There is no end to the wave of protests that have been sweeping the Middle East since the start of 2011.
Egypt's uprising followed one in Tunisia, which overthrew President Zine el-Abdine Ben Ali in January. Protests have erupted in Morocco, Algeria, Libya, Jordan, Yemen and Bahrain.
Once a stable Egyptian government emerges, the litmus test will be how it handles the border between Egypt and Gaza, which has been more closed than open since the Islamist group Hamas took control of the densely populated territory in 2007.
Mubarak, in collaboration with Israel and in line with US policy, enforced strict limits on the movement of people and goods across the border, adding to the suffering and deprivation of the more than 1.5 million Palestinians who live there.
Egyptian state media supported the policy and took a relentlessly hostile line towards Hamas, portraying the group as troublemakers working for Iranian interests.
Yet an opinion poll by the Pew Research Center in February 2010 found that 52 percent of Egyptians were favorable towards Hamas, against 44 percent in the opposite camp.
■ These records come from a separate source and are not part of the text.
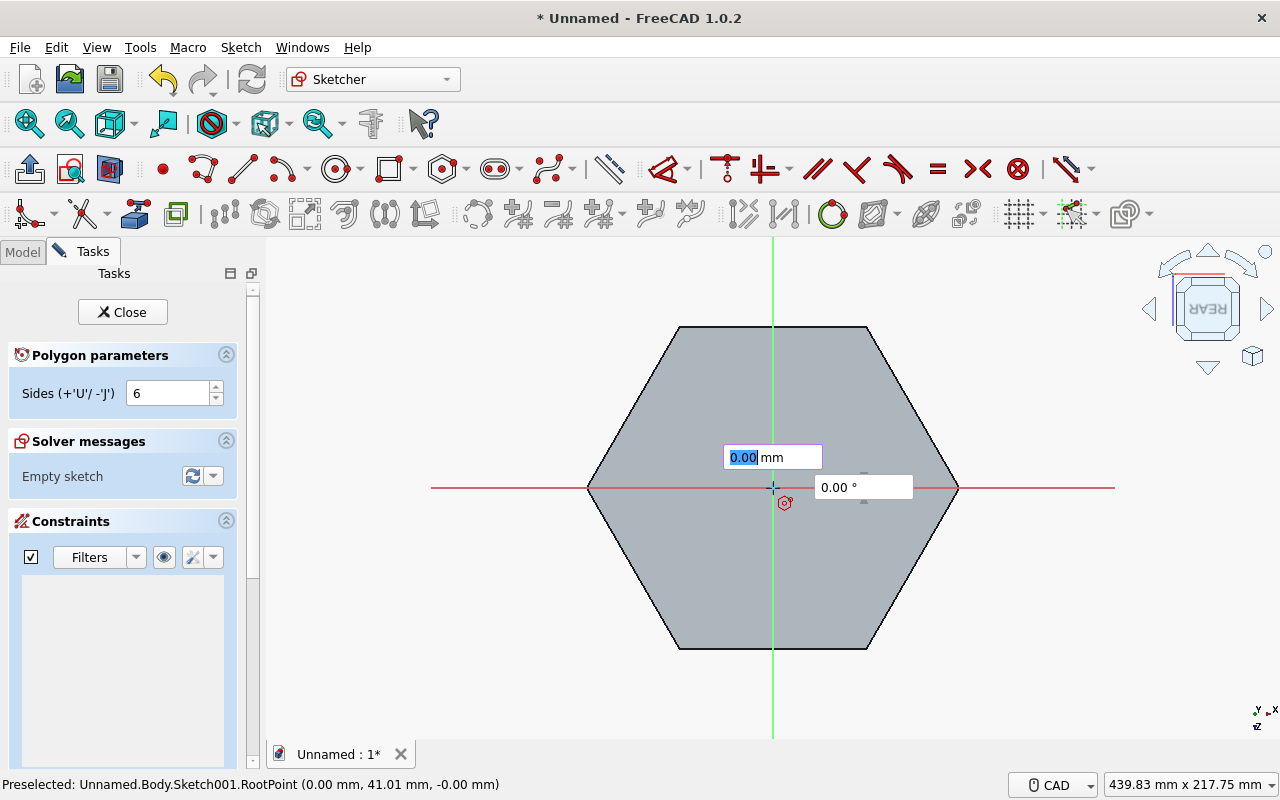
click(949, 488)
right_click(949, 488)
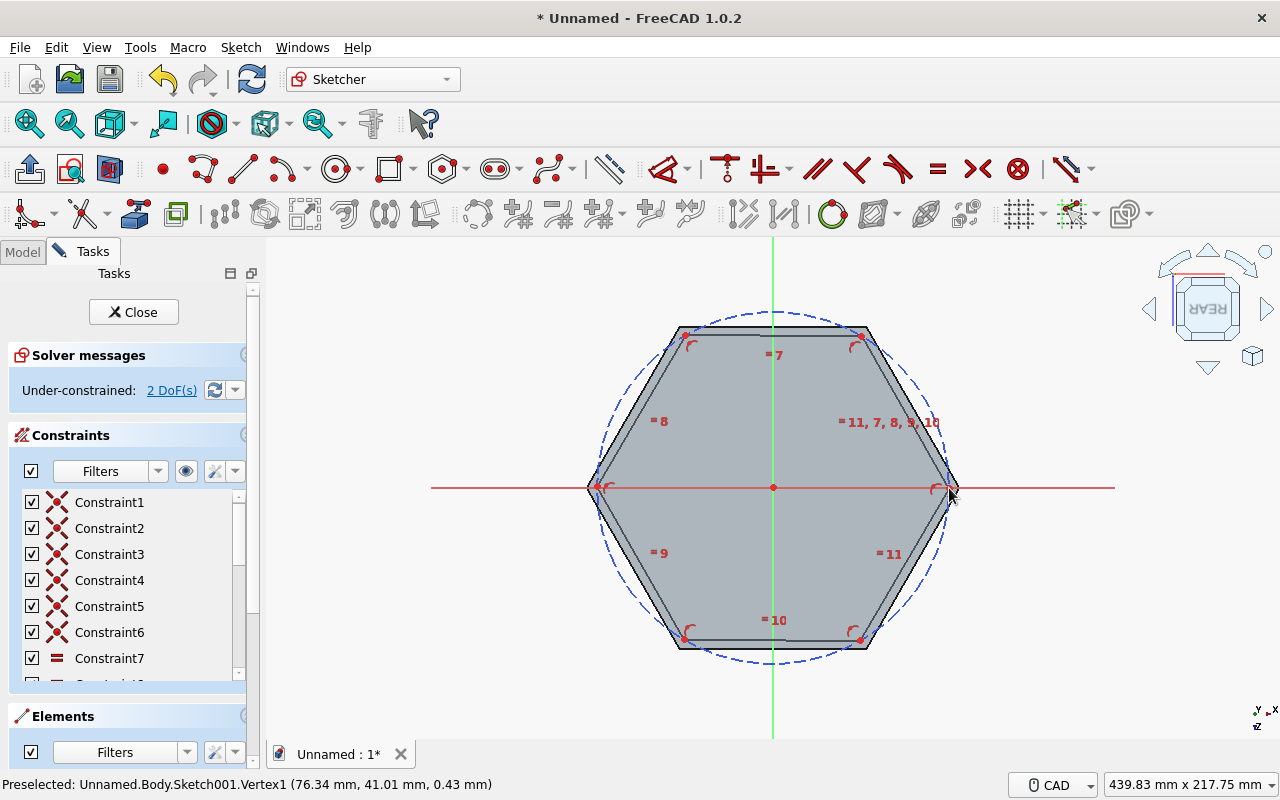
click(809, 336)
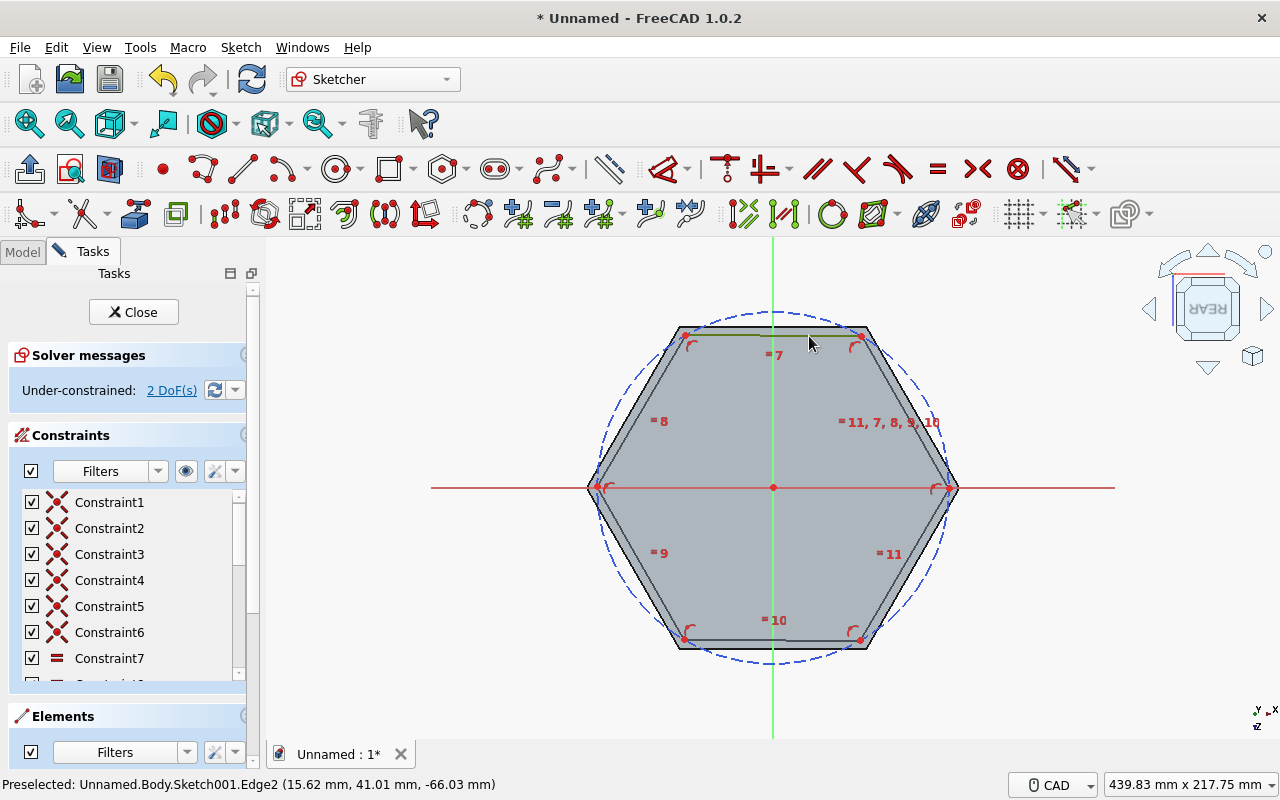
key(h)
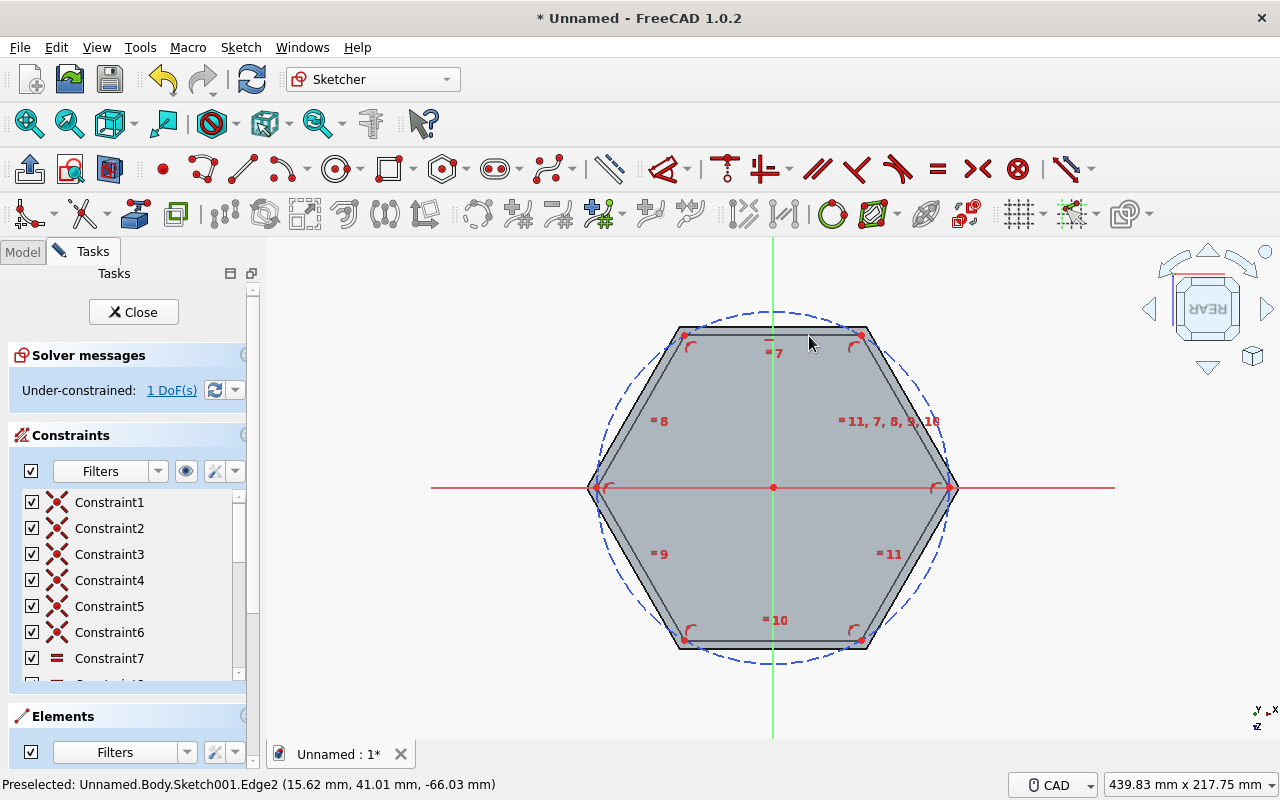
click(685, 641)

Protests against Mubarak focused on domestic grievances of poverty, corruption and repression. When protesters addressed foreign affairs, it was usually to oppose Mubarak's Gaza policy and his close US ties, seen as betraying Arab interests.
The Muslim Brotherhood, which has historic and ideological ties with Hamas, is enjoying more freedom than at any time since the overthrow of the monarchy 60 years ago. It favors opening the border wide and good relations with the Islamists in Gaza.
Even liberal democrat Ayman Nour, who challenged Mubarak in the presidential election of 2005 and then spent three years in jail, advocates a renegotiation of the peace treaty with Israel, which was based on the Camp David accords of 1978.
"In practice the Camp David accords have come to an end ... Some people believe that some of the terms are humiliating to the Egyptian side. I belong to this group," Nour told the Lebanese television station al-Jedid.
The treaty should go to a referendum, he said, a view shared by the Brotherhood, which says it would argue against approval.